On 30 May 2023, amidst the ongoing Russo-Ukrainian war, the Russian capital of Moscow was subject to several drone strikes. At least eight drones were involved in the attacks. Five of the drones were shot down by air missiles, the other three were suppressed by electronic warfare systems. Russia blamed Ukraine.

Moscow was also targeted and struck by drones numerous times in June, July, August, and September.

==Background==
In February 2022, Russia launched an invasion of Ukraine.

Earlier in May 2023, two drones were shot down over the Kremlin in Moscow in what Russia claims was an attack perpetrated by Ukraine.

== Attacks ==
The same day as the strikes, the Ukrainian capital of Kyiv faced its third air raid within 24 hours.

Videos posted to social media showed a drone exploding in a field outside Moscow, and others flying over houses in Rublyovka, a wealthy district in southwestern Moscow.

Sergei Shoigu, Russian minister of defence, claimed Ukraine had used eight drones, though none had hit their targets. The ministry said that five drones had been shot down, and the other three had their systems jammed. According to a Telegram channel with links to the security services, around 25 drones were involved, with 15 shot down approaching Moscow or over the city according to Russia. Mayor of Moscow Sergey Sobyanin stated that two people suffered minor injuries after drones crashed into residential buildings. Three residential buildings had some windows shattered as a result of the attacks.

Attacking aircraft resembled the Ukrainian long-range Beaver drone.

== Reactions ==
Vladimir Putin, President of Russia, claimed that the strikes showed Ukraine was attempting "to intimidate Russia", saying that it was "clearly a sign of terrorist activity" and that Russia would strengthen air defences around Moscow. Putin vowed to retaliate against Ukraine for the attacks.

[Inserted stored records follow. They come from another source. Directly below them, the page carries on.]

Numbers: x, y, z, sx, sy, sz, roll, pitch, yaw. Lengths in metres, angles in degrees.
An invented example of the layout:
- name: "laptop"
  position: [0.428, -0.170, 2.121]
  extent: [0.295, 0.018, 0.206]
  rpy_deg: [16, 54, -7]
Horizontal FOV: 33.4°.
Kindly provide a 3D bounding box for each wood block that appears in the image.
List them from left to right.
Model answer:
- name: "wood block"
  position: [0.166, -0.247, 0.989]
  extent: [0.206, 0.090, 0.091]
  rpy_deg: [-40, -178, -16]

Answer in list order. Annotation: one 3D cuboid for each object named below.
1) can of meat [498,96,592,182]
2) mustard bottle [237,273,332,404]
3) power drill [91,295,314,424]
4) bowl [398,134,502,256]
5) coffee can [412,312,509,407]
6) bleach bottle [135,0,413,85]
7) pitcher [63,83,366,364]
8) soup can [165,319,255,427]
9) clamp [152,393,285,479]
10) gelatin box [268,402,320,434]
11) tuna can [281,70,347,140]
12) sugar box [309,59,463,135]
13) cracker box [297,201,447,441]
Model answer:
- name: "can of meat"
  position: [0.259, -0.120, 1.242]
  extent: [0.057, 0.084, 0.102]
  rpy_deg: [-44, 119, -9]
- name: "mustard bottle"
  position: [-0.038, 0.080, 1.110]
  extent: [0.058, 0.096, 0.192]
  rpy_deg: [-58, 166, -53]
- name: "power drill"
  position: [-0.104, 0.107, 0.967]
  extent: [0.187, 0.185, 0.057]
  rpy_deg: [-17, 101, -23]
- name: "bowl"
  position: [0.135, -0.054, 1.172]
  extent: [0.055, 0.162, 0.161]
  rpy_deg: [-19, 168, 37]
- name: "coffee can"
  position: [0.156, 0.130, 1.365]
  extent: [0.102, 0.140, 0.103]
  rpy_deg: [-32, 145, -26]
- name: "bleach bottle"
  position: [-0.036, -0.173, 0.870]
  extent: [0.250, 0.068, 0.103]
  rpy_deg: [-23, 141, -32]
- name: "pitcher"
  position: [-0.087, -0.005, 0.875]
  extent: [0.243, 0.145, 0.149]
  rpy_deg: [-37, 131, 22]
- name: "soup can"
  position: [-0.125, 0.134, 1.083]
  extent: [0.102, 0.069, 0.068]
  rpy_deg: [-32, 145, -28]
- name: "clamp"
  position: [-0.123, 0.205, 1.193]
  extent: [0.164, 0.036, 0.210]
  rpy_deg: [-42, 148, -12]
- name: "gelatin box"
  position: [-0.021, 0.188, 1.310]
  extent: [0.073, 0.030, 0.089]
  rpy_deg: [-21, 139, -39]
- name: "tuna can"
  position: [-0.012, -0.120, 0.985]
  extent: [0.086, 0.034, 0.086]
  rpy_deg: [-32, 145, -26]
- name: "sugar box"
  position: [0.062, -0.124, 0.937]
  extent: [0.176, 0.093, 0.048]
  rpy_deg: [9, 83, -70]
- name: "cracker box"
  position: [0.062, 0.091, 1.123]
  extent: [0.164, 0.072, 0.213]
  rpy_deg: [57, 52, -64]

The foreign ministry of Russia stated that support for Ukraine was "pushing the Ukrainian leadership towards ever more reckless criminal deeds including acts of terrorism". Leader of the Russian mercenary Wagner Group, Yevgeny Prigozhin, criticized the Russian defence ministry for its failure to prevent the attack.

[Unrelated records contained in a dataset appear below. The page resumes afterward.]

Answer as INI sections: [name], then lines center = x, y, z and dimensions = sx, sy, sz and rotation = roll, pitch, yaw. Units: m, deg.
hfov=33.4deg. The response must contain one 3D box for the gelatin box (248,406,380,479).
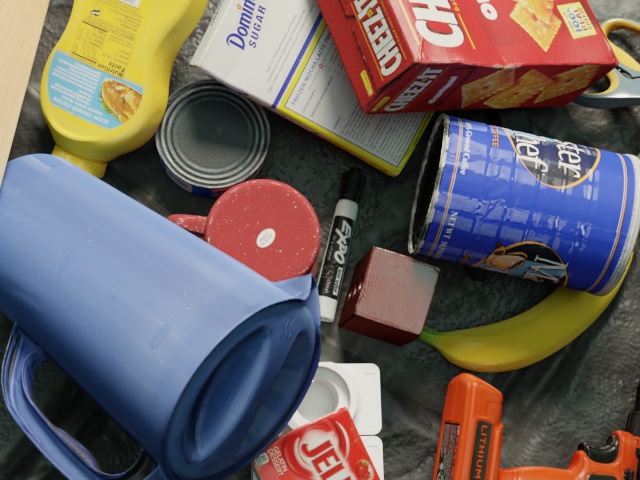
[gelatin box]
center = 0.002, 0.164, 0.701
dimensions = 0.073, 0.030, 0.089
rotation = -23, 81, -11

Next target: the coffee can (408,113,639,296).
[coffee can]
center = 0.142, -0.025, 0.754
dimensions = 0.140, 0.103, 0.103
rotation = 12, 76, -2

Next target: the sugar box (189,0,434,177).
[sugar box]
center = 0.002, -0.127, 0.789
dimensions = 0.176, 0.048, 0.093
rotation = 28, 92, -17

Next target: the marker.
[marker]
center = 0.014, 0.001, 0.810
dimensions = 0.020, 0.020, 0.121
rotation = 14, 76, -3

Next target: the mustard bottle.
[mustard bottle]
center = -0.153, -0.122, 0.779
dimensions = 0.096, 0.058, 0.192
rotation = 25, 99, 16

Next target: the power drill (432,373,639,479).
[power drill]
center = 0.181, 0.151, 0.768
dimensions = 0.187, 0.057, 0.184
rotation = 13, 78, -8

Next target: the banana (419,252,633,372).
[banana]
center = 0.169, 0.049, 0.807
dimensions = 0.197, 0.037, 0.069
rotation = -26, 82, -11

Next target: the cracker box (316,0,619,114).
[cracker box]
center = 0.100, -0.180, 0.777
dimensions = 0.213, 0.072, 0.164
rotation = -7, 67, -39

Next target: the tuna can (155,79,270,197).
[tuna can]
center = -0.082, -0.076, 0.809
dimensions = 0.086, 0.034, 0.086
rotation = 1, 77, -6

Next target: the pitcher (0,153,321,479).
[pitcher]
center = -0.133, 0.047, 0.690
dimensions = 0.243, 0.148, 0.145
rotation = 32, 117, 30

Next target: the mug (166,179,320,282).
[mug]
center = -0.055, 0.001, 0.770
dimensions = 0.117, 0.081, 0.093
rotation = 15, 76, -3

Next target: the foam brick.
[foam brick]
center = 0.048, 0.042, 0.775
dimensions = 0.051, 0.078, 0.053
rotation = 19, 76, -4

In response to the attacks, Ukrainian presidential adviser Mykhailo Podolyak said in an online interview that "of course we are pleased to watch and predict an increase in the number of attacks. But of course we have nothing directly to do with this".

A spokesperson for the United States government said that information was still being gathered on the attacks, saying that "as a general matter, [the United States does] not support attacks inside of Russia]". A French official said that French military support to Ukraine should not be used to attack Russia.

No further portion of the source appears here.